▸ WORK REQUIRED: Starting at the line with "Reply with a", retype every line through the end of the listing exactly as written, and nothing before it.

▸ INPUT DATA:
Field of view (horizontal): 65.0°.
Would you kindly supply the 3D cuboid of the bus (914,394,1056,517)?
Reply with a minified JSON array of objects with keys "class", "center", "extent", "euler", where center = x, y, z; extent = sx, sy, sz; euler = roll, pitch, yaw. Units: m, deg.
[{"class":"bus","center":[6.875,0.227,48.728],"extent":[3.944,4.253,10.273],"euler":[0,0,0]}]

▸ FINAL ANSWER:
Reply with a minified JSON array of objects with keys "class", "center", "extent", "euler", where center = x, y, z; extent = sx, sy, sz; euler = roll, pitch, yaw. Units: m, deg.
[{"class":"bus","center":[6.875,0.227,48.728],"extent":[3.944,4.253,10.273],"euler":[0,0,0]}]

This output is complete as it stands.